VisioneerIT's 2026 analysis of data analytics in insurance projects that AI-driven analytics will move from decision-support to autonomous decision-making in lower-risk underwriting within the next two years. The report notes that carriers processing high volumes of term life applications are the most likely early adopters of fully automated underwriting decisions.

The future of predictive underwriting models

More data sources, faster processing, more automation for routine cases. That much is obvious. The harder questions are about the constraints.

Regulatory frameworks haven't caught up with the technology. Most state insurance departments evaluate underwriting on actuarial soundness and unfair discrimination standards written for traditional methods. How regulators handle black-box models, even with explainability layers, remains uncertain. Colorado's AI governance law, which took effect in 2024, represents one approach, but there's no federal standard.

Data privacy is another constraint. As models incorporate more personal health data, the consent and governance requirements grow. HIPAA covers clinical data, but what about rPPG readings captured by a phone app? The legal frameworks are still being drawn.

The biggest practical challenge is data quality and standardization.

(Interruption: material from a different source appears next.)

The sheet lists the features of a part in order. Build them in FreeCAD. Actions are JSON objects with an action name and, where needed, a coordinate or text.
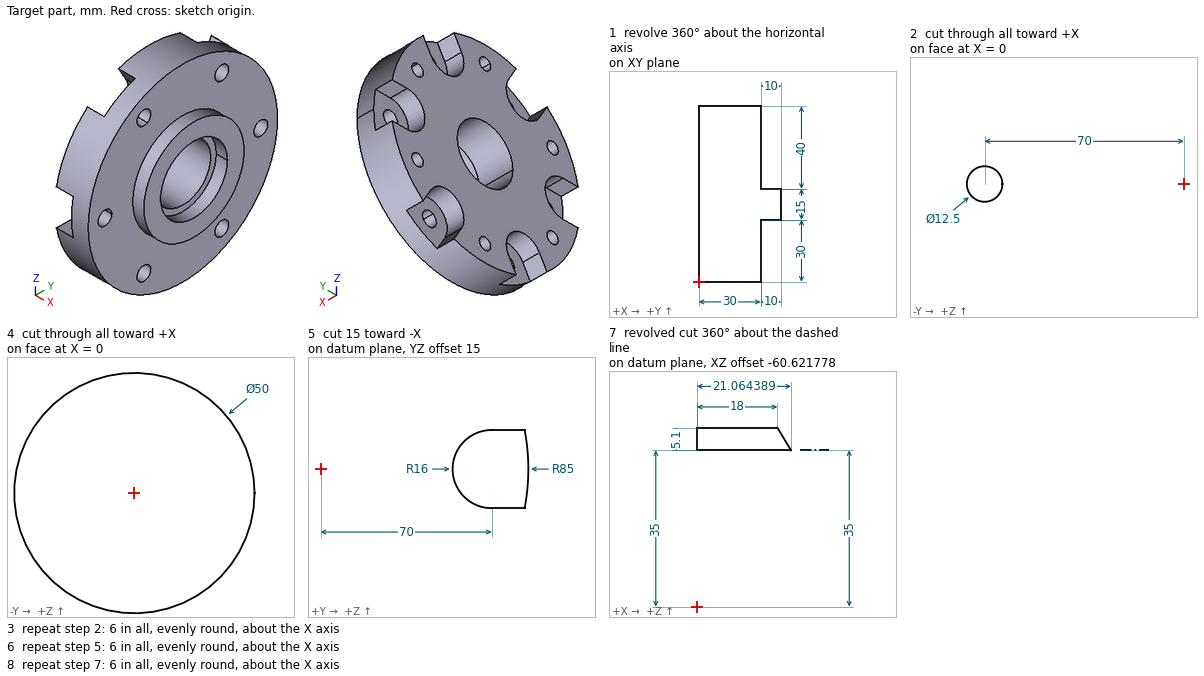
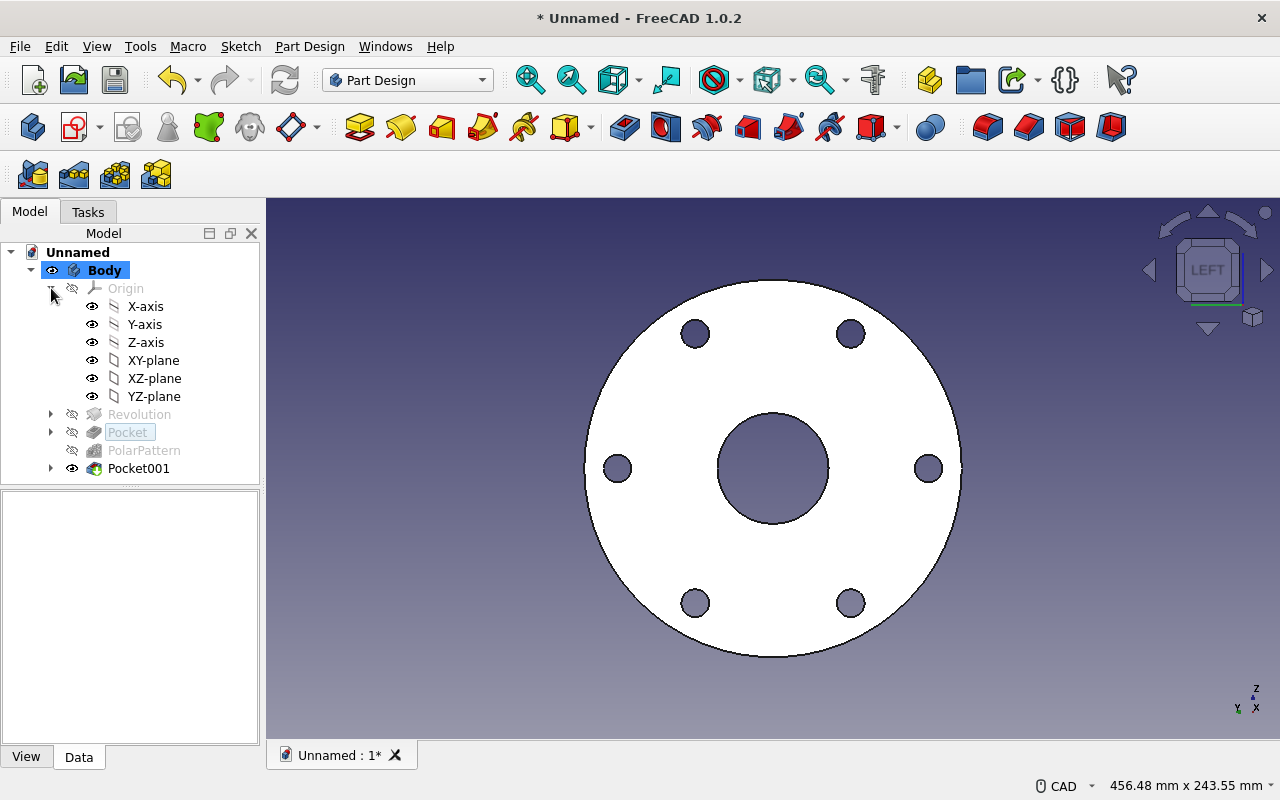
{"action": "left_click", "coordinate": [137, 396]}
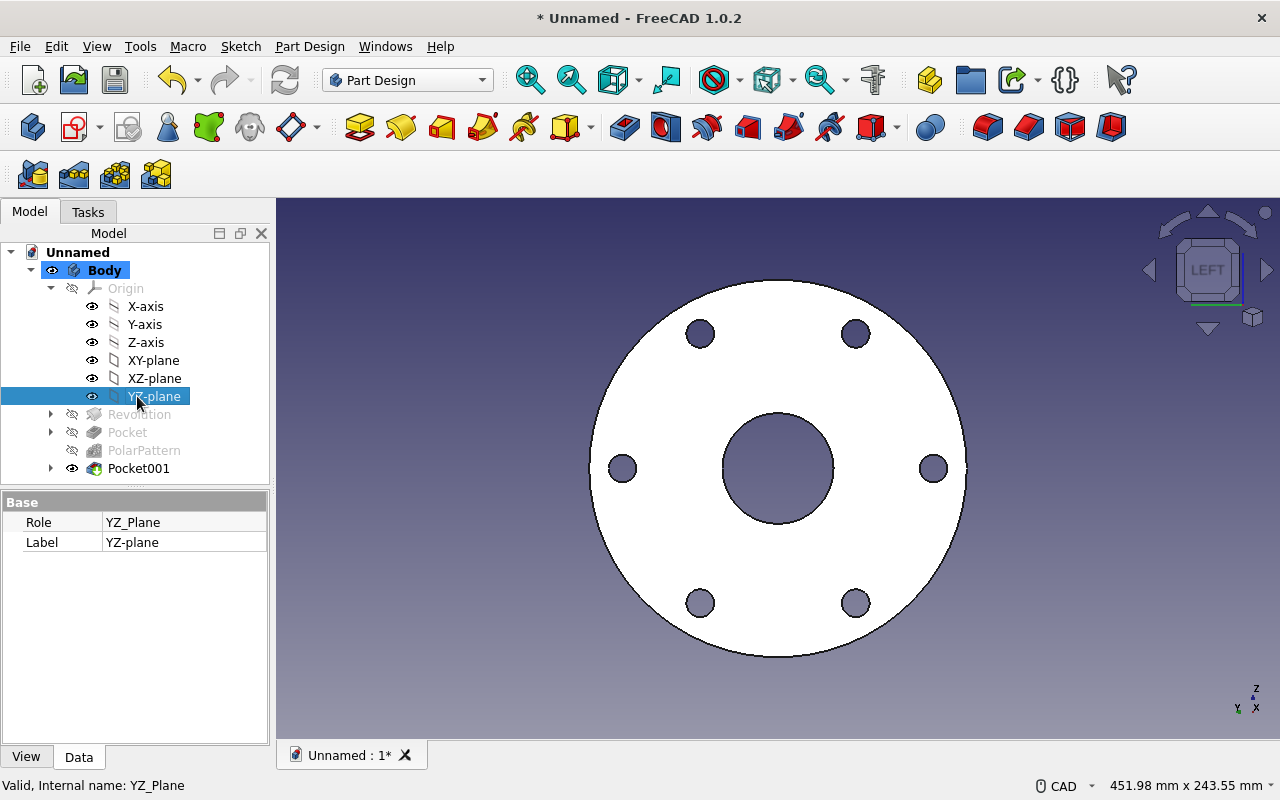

EHR data formats vary across health systems. Lab units differ between providers. Prescription histories from different PBMs have different structures. Carriers building predictive models spend more time on data engineering than on the actual modeling — a fact that surprises outsiders but is well-known inside the industry.

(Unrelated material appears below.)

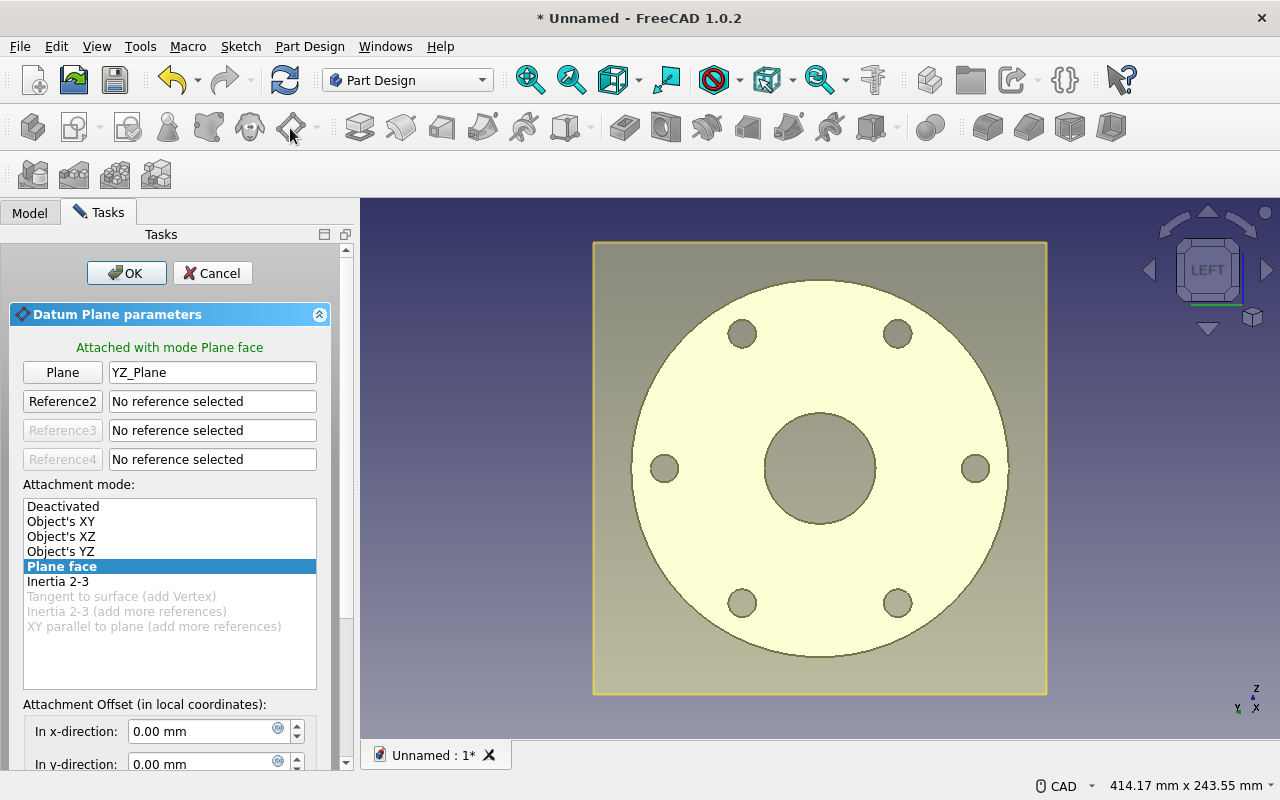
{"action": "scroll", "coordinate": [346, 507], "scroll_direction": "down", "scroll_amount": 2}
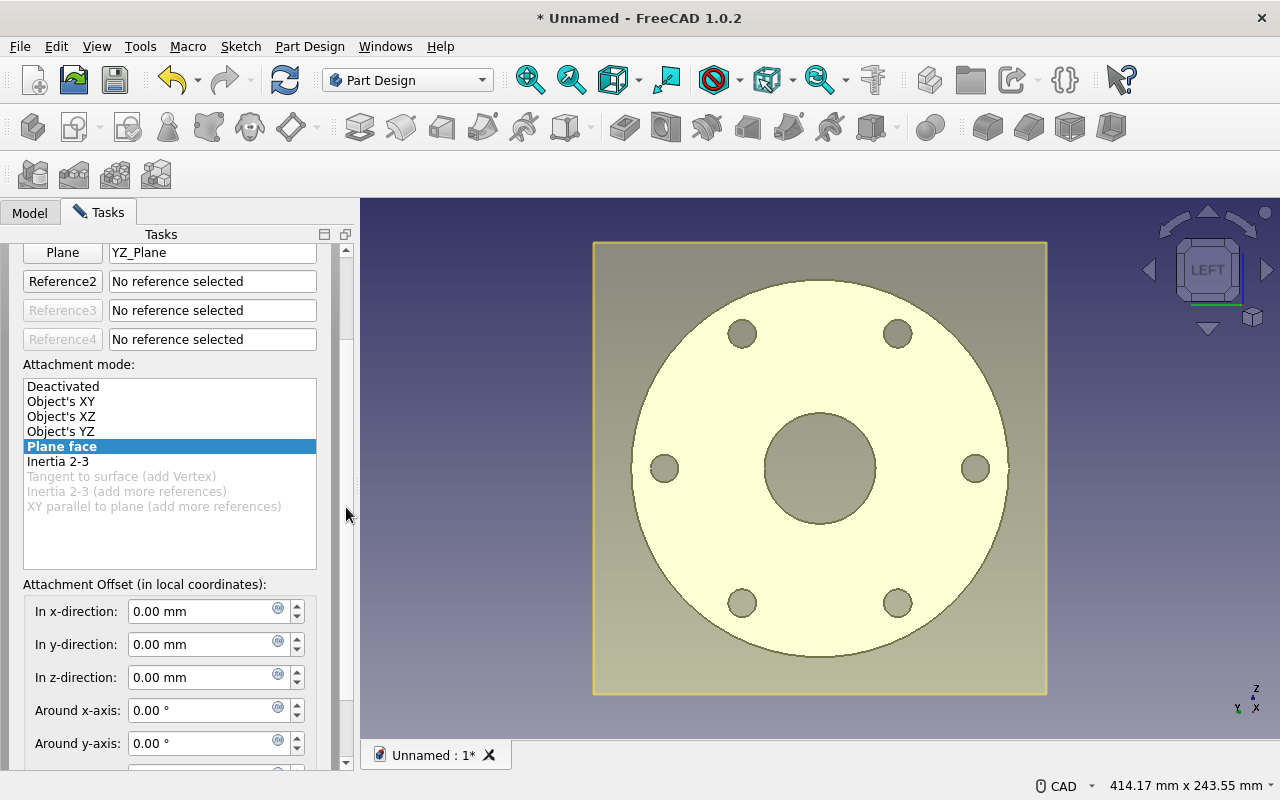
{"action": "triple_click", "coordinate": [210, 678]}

Companies like Circadify are working on the real-time data side of this problem, developing contactless biometric capture that can feed standardized physiological data directly into underwriting models through an API integration. As those pipelines mature, predictive models get access to physiological data that's hours old instead of months old.

Frequently asked questions

What is a predictive underwriting model?

A predictive underwriting model is a machine learning system trained on historical insurance data to estimate risk outcomes — mortality, morbidity, or lapse — based on applicant characteristics and health data. Unlike rule-based systems that follow explicit if-then logic, predictive models learn statistical patterns from large datasets and apply them to new applications.

How does health screening data improve predictive models?

Health screening data provides the input variables that models learn from. Richer data — EHRs, lab results, prescription histories, biometric readings — gives the model more signal to distinguish between risk levels. RGA's 2025 research showed that combining multiple digital health data sources produced better mortality outcomes than any single source, because each type captures different dimensions of health risk.

Are predictive underwriting models replacing human underwriters?

Not entirely, and likely not soon for complex cases. The industry is moving toward a tiered model: automated decisions for straightforward applications where the data is clean and the risk is clear, human review for complex cases with ambiguous data or unusual risk profiles. The SOA's 2024 research on accelerated underwriting monitoring reflects this hybrid approach.

What are the regulatory concerns with AI in underwriting?

The primary concerns are fairness (ensuring models don't discriminate based on protected characteristics), transparency (explaining how decisions are made), and data governance (managing sensitive health information appropriately). Colorado's 2024 AI governance law requires insurers to test for unfair discrimination in algorithmic decisions. Other states are watching that implementation closely before writing their own rules.